Se quedó dormido. Una vez más, la última, su sueño le volvió a la cabeza. ¿Cómo se llamaba Dios? Suspiró, se relajó y miró hacia el fino agujero labrado en la piedra. En su juventud había oído hablar de su existencia. Nunca se imaginó que lo vería en persona y que terminaría sus días junto a él. Afinó la vista para amoldarla a la oscuridad. En pocos segundos su cara se iluminó. Allí, frente a donde se encontraba, estaba el mismísimo Dios, brillando en la oscuridad, destacando de forma magnífica en la noche.

El nombre de Dios era eterno.
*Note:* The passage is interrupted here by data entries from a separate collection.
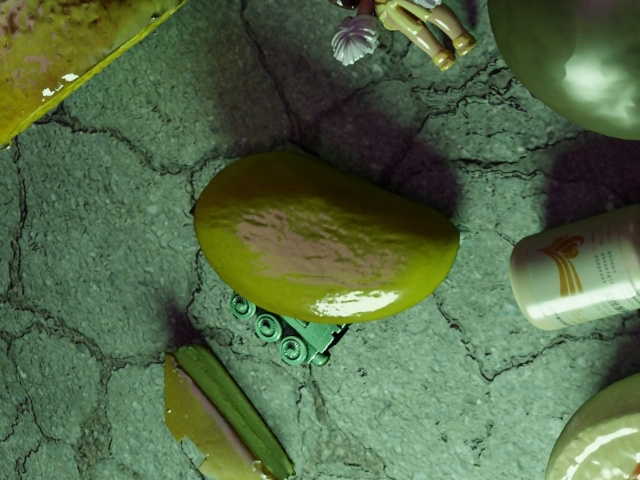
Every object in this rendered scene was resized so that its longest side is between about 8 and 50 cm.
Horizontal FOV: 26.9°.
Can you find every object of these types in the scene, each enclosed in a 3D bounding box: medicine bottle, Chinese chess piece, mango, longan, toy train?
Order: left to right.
[{"bbox_3d":[-0.040,0.086,1.755,0.170,0.071,0.111,43,114,12],"label":"toy train"},{"bbox_3d":[-0.005,0.007,1.649,0.331,0.142,0.195,23,100,14],"label":"mango"},{"bbox_3d":[0.340,0.020,1.478,0.252,0.114,0.114,-18,97,33],"label":"medicine bottle"},{"bbox_3d":[0.319,-0.251,1.282,0.318,0.319,0.319,10,112,27],"label":"longan"},{"bbox_3d":[0.421,0.306,1.516,0.338,0.140,0.338,11,112,28],"label":"Chinese chess piece"}]

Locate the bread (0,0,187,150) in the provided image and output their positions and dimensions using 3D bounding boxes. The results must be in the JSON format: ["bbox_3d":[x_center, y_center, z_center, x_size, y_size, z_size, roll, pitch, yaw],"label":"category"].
[{"bbox_3d":[-0.331,-0.289,1.626,0.398,0.398,0.215,-31,102,34],"label":"bread"}]

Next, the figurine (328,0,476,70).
[{"bbox_3d":[0.075,-0.294,1.522,0.174,0.116,0.240,-37,93,37],"label":"figurine"}]

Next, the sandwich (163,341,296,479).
[{"bbox_3d":[-0.141,0.256,1.859,0.088,0.090,0.244,-40,88,30],"label":"sandwich"}]
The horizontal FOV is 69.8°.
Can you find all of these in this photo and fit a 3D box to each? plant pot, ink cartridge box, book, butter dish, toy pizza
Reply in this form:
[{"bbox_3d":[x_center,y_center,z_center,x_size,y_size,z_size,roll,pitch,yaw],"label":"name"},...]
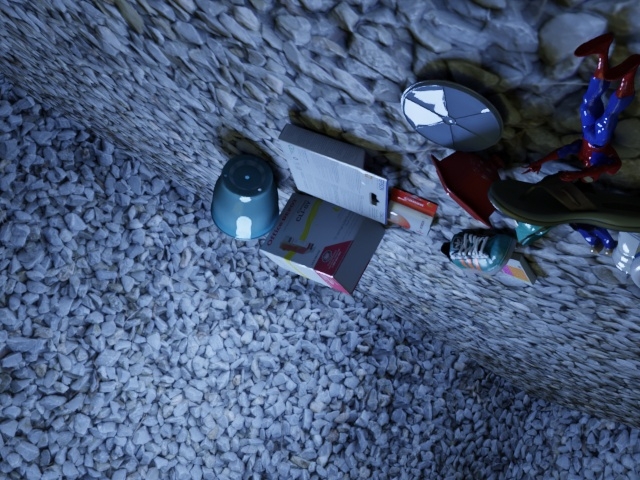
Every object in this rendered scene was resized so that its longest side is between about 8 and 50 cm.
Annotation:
[{"bbox_3d":[-0.279,-0.178,1.720,0.272,0.271,0.255,28,151,4],"label":"plant pot"},{"bbox_3d":[0.000,0.000,1.712,0.385,0.279,0.160,17,161,40],"label":"ink cartridge box"},{"bbox_3d":[0.270,-0.082,1.380,0.145,0.045,0.179,25,168,14],"label":"ink cartridge box"},{"bbox_3d":[0.059,-0.189,1.362,0.330,0.071,0.324,22,165,14],"label":"ink cartridge box"},{"bbox_3d":[0.578,0.078,1.376,0.096,0.035,0.144,18,163,49],"label":"book"},{"bbox_3d":[0.327,-0.132,0.956,0.160,0.118,0.160,36,-151,-25],"label":"butter dish"},{"bbox_3d":[0.249,-0.239,0.871,0.201,0.032,0.201,26,167,7],"label":"toy pizza"}]

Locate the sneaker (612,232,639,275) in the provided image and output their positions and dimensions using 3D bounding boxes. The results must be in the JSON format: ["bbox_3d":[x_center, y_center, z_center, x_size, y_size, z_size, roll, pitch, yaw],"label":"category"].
[{"bbox_3d":[0.678,0.023,0.804,0.297,0.111,0.129,15,139,45],"label":"sneaker"}]

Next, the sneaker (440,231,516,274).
[{"bbox_3d":[0.439,0.031,1.317,0.121,0.108,0.302,25,168,-3],"label":"sneaker"}]

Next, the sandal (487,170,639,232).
[{"bbox_3d":[0.466,-0.086,0.840,0.303,0.120,0.086,6,130,14],"label":"sandal"}]

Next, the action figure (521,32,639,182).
[{"bbox_3d":[0.386,-0.153,0.697,0.280,0.139,0.091,44,-159,-52],"label":"action figure"}]

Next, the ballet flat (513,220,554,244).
[{"bbox_3d":[0.471,-0.048,1.019,0.087,0.083,0.247,61,-169,15],"label":"ballet flat"}]

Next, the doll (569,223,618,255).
[{"bbox_3d":[0.549,-0.043,0.957,0.189,0.046,0.129,39,173,-16],"label":"doll"}]

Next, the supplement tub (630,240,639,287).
[{"bbox_3d":[0.576,-0.011,0.691,0.144,0.199,0.144,28,166,7],"label":"supplement tub"}]
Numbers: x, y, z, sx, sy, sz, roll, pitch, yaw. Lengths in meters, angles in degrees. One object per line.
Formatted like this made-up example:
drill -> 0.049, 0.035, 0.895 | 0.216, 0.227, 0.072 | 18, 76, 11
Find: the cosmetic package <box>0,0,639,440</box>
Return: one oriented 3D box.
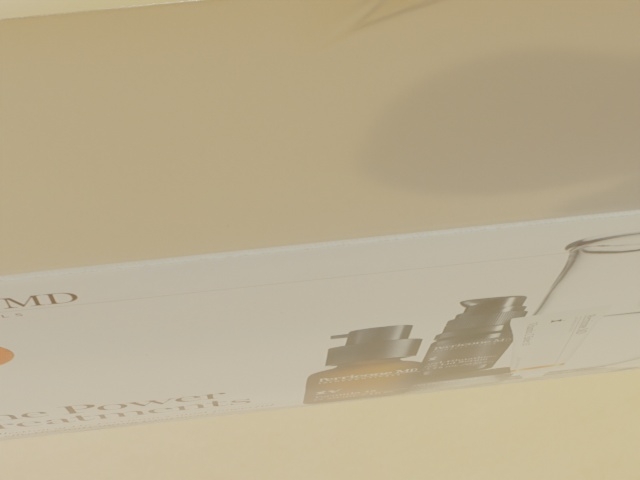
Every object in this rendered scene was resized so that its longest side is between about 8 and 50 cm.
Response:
cosmetic package -> 0.000, 0.000, 0.560 | 0.377, 0.284, 0.097 | -6, -108, -3
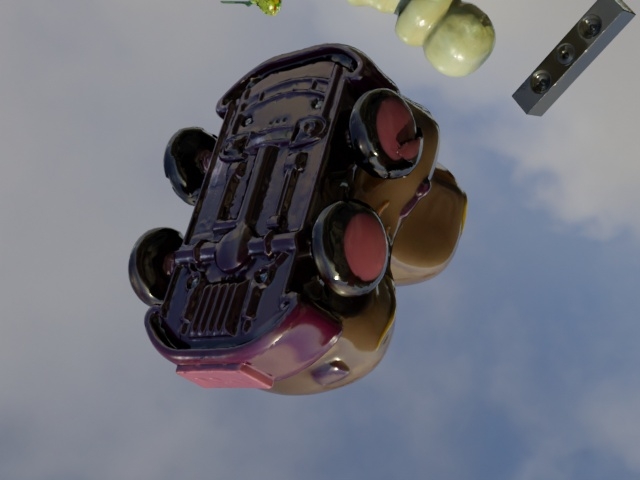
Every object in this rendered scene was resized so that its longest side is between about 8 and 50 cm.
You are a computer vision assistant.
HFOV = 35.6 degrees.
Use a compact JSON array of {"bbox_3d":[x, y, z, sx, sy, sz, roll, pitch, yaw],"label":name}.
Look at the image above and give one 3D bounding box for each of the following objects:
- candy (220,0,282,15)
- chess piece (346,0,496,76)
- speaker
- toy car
[{"bbox_3d":[-0.115,-0.385,1.623,0.035,0.122,0.035,-52,-41,-39],"label":"candy"},{"bbox_3d":[0.127,-0.316,1.307,0.243,0.133,0.133,44,-141,9],"label":"chess piece"},{"bbox_3d":[0.347,-0.253,1.374,0.046,0.191,0.040,-2,-130,-49],"label":"speaker"},{"bbox_3d":[0.000,0.000,0.935,0.240,0.271,0.341,38,-121,-39],"label":"toy car"}]
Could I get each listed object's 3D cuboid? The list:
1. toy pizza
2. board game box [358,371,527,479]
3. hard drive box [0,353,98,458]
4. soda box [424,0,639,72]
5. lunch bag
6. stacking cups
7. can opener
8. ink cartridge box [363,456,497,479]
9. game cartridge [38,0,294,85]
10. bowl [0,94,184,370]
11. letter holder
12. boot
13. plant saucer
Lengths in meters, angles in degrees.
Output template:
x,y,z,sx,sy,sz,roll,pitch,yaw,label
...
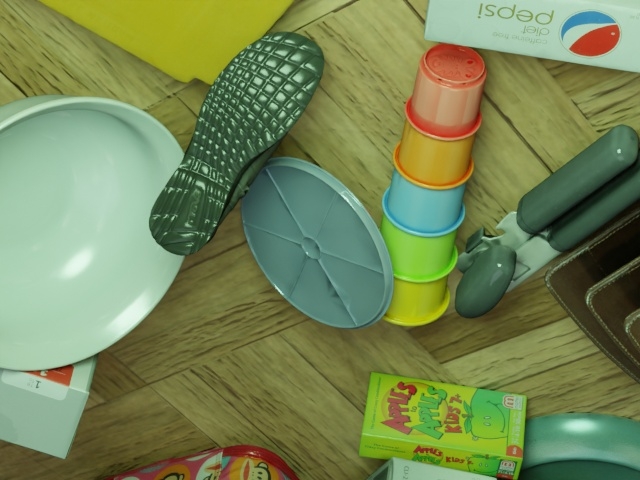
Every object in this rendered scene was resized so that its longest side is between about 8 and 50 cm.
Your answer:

Había sido pronunciado hacía miles y miles de años y se seguiría pronunciando dentro de miles y miles de años. Quizás otro hijo de Dios volvería a repetir su valentía a la hora de luchar y morir por recuperar el favor del Creador. Los humanos irían muriendo, las cosechas irían pasando, las lunas y los soles se sucederían hasta el infinito pero solo había una cosa que no cambiaba, su Dios.

La piel se le erizó. Dios estaba con ellos desde el principio de los tiempos, había guiado los pasos de sus antepasados y ahora guiaría el paso de sus hijos y nietos. Una vieja leyenda señalaba que Dios avisaba a sus súbditos cuando el río sagrado se desbordaba. Nunca había visto un río. Seguro que Dios se lo iba a enseñar en cuanto estuviera en su presencia.

Se sentía feliz, aunque empezó a notar como un brazo se le agarrotaba y como algo estallaba dentro de su pecho. Su muerte estaba llegando, miró a Dios a través del pequeño agujero labrado en la pared de la cueva e intentó decir su nombre, llamarlo para recordarle que estaba allí esperando unirse a su luz. Sin embargo una vez más no logró que su boca articulara ninguna palabra. No recordaba el nombre de Dios.

No podía permitirse morir sin recordar su nombre, no entendía por qué el Creador no se lo decía ya, el tiempo se acababa. A lo mejor su intención era esperar a su muerte para por fin revelarle su verdadero nombre. Todo empezó a oscurecerse, sus pulmones dejaron de bombear aire y su corazón se paró. Sus labios se quedaron quietos, con un gesto extraño, que pretendía  pronunciar el nombre de Dios.

En sus ojos, aun abiertos, se reflejaba claramente la luz que entraba en la Cueva de Las Toscas, en la Gomera, proveniente de Alfa Canis Majoris HD 48915.